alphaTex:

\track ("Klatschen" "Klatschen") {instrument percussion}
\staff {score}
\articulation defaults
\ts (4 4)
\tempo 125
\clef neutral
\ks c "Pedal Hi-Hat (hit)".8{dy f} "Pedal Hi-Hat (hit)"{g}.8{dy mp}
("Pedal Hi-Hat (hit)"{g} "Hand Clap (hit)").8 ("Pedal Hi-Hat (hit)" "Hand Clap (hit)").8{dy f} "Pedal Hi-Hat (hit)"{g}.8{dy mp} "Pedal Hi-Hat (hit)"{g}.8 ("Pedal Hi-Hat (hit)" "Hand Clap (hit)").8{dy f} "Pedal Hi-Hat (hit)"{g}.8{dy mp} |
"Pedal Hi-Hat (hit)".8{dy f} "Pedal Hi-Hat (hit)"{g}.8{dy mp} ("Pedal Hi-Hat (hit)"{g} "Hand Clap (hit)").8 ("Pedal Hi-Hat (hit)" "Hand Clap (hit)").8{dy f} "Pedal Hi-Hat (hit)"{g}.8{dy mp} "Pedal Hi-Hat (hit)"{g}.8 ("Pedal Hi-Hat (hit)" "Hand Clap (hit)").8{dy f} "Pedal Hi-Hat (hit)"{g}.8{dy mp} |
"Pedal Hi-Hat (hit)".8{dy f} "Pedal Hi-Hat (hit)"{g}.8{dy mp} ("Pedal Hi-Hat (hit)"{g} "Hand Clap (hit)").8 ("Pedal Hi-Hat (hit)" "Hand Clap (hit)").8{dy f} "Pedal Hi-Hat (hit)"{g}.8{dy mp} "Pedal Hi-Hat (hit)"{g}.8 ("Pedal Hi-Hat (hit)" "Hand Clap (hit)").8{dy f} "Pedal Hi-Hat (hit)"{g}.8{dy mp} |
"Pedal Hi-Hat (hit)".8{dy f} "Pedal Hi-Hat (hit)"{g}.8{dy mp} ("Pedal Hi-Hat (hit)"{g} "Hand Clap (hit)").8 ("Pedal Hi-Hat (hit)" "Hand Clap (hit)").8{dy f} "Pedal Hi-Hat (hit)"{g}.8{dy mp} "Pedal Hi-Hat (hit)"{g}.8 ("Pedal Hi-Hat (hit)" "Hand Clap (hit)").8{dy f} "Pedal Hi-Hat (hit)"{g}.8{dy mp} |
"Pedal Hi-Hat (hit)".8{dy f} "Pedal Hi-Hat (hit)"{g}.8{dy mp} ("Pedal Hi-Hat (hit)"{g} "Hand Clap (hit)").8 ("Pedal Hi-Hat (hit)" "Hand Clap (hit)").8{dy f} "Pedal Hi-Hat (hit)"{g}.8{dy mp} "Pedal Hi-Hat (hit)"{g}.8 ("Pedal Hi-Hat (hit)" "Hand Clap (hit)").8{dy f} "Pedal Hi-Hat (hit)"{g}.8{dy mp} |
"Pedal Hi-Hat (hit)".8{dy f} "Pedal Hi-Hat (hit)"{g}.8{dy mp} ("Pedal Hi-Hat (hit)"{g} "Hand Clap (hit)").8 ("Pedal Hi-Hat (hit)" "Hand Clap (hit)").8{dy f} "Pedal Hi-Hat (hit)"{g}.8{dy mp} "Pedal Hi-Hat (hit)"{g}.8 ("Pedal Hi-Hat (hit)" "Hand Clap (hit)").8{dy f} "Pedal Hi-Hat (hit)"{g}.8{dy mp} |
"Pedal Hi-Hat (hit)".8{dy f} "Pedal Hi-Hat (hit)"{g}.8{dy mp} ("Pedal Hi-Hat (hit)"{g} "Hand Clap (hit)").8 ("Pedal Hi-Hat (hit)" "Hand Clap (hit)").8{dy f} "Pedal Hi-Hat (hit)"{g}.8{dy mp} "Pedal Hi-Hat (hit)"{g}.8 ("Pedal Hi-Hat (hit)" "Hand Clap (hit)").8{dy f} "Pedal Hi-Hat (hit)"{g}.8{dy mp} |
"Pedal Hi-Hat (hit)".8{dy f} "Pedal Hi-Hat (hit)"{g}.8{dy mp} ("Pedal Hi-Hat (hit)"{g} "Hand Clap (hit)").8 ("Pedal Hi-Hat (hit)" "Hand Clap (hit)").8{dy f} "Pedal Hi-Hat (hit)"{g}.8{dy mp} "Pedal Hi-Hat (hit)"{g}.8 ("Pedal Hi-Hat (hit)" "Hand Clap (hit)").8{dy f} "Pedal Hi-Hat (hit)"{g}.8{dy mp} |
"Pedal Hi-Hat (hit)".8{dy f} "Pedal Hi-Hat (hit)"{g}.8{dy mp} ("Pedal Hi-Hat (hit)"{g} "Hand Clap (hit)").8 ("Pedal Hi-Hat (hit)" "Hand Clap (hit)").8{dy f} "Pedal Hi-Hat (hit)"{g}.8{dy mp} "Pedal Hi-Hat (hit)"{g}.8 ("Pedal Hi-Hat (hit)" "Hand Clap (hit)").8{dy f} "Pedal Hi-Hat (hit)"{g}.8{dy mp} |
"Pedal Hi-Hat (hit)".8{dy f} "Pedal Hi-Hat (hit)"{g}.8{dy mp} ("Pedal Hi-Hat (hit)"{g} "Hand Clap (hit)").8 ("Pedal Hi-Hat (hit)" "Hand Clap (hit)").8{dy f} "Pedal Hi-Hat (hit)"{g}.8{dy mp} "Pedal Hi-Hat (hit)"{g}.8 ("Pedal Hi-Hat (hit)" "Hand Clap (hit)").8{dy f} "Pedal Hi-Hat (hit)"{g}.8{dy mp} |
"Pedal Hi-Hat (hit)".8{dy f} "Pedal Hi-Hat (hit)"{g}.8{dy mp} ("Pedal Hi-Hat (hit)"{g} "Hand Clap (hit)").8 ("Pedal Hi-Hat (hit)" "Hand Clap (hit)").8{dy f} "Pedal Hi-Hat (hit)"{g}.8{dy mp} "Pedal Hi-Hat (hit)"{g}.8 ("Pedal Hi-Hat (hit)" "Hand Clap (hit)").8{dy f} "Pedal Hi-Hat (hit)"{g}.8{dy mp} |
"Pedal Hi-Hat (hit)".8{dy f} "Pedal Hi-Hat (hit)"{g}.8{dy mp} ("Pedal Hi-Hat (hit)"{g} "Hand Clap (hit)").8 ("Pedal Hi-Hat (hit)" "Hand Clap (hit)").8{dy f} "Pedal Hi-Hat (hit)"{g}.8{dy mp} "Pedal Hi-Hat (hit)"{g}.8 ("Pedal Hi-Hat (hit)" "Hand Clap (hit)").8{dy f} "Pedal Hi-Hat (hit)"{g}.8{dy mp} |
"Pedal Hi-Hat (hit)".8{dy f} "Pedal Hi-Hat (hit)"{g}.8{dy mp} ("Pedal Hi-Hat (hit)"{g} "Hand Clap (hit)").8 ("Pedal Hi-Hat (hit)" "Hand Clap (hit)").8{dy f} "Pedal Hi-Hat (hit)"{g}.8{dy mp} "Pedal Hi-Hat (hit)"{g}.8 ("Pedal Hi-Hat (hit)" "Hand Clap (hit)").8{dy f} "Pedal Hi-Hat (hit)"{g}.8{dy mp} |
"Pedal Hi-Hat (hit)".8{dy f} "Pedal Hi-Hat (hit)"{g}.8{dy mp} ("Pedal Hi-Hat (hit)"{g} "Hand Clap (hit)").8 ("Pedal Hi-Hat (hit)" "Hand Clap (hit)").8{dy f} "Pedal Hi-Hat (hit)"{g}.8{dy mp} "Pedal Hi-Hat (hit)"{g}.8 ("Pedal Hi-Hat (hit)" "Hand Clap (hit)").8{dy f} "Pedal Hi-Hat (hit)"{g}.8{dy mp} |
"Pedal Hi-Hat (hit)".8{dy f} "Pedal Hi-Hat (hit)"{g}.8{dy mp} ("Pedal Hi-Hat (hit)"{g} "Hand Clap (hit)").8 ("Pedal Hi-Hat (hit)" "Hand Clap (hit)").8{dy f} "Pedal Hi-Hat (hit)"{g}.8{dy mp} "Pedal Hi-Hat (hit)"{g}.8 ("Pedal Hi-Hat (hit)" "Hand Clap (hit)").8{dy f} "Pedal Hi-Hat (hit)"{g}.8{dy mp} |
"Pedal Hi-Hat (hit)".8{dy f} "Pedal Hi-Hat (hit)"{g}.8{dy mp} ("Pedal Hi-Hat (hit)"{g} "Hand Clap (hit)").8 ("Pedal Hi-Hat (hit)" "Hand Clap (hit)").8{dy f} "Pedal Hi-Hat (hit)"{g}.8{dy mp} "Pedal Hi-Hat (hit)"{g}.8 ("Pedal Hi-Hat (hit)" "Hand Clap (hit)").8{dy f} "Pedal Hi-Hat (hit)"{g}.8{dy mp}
====
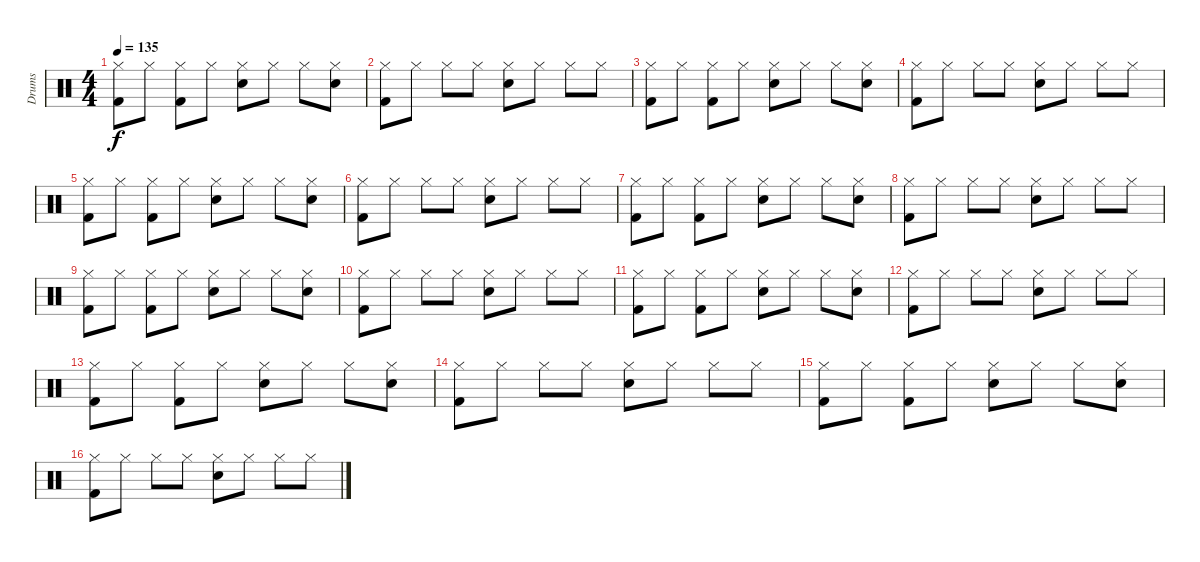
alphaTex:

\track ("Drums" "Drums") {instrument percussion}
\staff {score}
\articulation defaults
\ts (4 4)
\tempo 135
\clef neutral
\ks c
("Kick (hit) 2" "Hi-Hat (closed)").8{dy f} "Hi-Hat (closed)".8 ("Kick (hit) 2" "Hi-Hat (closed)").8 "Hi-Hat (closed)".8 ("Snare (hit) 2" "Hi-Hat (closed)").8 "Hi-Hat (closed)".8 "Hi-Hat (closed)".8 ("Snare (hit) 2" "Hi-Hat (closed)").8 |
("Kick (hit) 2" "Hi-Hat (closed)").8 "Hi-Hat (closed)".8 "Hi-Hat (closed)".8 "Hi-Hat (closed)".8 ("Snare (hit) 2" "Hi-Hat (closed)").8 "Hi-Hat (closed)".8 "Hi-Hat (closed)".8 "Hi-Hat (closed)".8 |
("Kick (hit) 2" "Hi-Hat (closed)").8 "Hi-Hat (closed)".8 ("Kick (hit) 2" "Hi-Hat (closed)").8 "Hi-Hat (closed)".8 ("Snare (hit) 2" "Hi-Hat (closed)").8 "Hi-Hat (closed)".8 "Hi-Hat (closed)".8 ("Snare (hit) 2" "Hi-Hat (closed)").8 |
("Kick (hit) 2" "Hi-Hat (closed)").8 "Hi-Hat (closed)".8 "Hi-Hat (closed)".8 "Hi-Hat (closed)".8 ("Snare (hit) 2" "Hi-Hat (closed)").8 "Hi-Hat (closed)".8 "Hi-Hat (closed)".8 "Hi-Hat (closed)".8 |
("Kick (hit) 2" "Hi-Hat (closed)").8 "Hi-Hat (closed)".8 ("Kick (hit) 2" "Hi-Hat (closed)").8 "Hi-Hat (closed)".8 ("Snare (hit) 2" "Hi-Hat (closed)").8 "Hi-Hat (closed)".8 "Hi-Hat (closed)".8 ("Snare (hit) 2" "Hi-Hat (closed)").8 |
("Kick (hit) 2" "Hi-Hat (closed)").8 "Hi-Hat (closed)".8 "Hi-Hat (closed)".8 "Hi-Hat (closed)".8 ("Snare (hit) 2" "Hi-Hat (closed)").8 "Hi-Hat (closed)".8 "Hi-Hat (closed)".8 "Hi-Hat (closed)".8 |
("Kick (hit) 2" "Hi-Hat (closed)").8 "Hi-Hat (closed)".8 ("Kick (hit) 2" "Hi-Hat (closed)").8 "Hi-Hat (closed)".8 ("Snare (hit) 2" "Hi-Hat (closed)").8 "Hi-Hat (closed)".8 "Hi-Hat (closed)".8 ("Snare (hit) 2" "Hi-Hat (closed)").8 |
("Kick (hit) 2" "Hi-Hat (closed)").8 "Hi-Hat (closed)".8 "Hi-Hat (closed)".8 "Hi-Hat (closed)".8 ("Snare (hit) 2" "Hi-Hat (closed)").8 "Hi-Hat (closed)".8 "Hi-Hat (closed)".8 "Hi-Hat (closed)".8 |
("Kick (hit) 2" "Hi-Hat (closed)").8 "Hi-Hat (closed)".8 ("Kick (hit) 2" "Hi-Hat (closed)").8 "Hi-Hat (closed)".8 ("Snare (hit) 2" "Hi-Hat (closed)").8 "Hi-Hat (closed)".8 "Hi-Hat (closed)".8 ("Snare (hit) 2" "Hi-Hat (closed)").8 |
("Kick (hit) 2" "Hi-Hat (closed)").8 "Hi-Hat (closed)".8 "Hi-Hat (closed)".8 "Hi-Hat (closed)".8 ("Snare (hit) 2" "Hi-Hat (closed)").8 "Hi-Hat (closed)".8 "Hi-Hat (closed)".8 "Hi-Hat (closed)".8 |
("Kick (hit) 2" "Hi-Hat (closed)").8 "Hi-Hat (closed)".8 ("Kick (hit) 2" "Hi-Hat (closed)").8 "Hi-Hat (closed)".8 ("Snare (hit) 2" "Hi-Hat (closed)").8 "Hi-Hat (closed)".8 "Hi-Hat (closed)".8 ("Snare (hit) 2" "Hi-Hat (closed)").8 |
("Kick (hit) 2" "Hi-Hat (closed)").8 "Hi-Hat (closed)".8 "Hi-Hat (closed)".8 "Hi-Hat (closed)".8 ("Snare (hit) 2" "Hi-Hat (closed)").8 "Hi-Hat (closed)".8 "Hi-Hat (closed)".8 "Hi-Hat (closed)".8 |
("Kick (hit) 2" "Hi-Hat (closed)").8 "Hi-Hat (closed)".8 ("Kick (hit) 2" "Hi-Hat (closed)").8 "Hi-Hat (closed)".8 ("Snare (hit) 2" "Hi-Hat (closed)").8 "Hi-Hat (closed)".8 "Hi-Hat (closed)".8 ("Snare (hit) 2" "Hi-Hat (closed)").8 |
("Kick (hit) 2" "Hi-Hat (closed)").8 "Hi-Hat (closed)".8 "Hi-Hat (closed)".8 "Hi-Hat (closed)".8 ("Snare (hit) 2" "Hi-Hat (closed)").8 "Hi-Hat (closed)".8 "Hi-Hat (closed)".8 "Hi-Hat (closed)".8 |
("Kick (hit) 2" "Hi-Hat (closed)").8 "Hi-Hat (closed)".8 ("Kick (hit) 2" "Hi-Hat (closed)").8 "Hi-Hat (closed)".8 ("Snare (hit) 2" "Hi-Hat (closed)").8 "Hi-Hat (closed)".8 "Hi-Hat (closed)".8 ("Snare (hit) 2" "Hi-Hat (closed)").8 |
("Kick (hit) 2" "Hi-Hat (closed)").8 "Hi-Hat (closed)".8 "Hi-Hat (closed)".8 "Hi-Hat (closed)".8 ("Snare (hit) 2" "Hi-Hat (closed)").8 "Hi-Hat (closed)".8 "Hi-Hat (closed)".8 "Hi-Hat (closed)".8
====
Exercise aim
Look through the data and show every line containing "track".

Answer to this exercise
\track ("Klatschen" "Klatschen") {instrument percussion}
\track ("Drums" "Drums") {instrument percussion}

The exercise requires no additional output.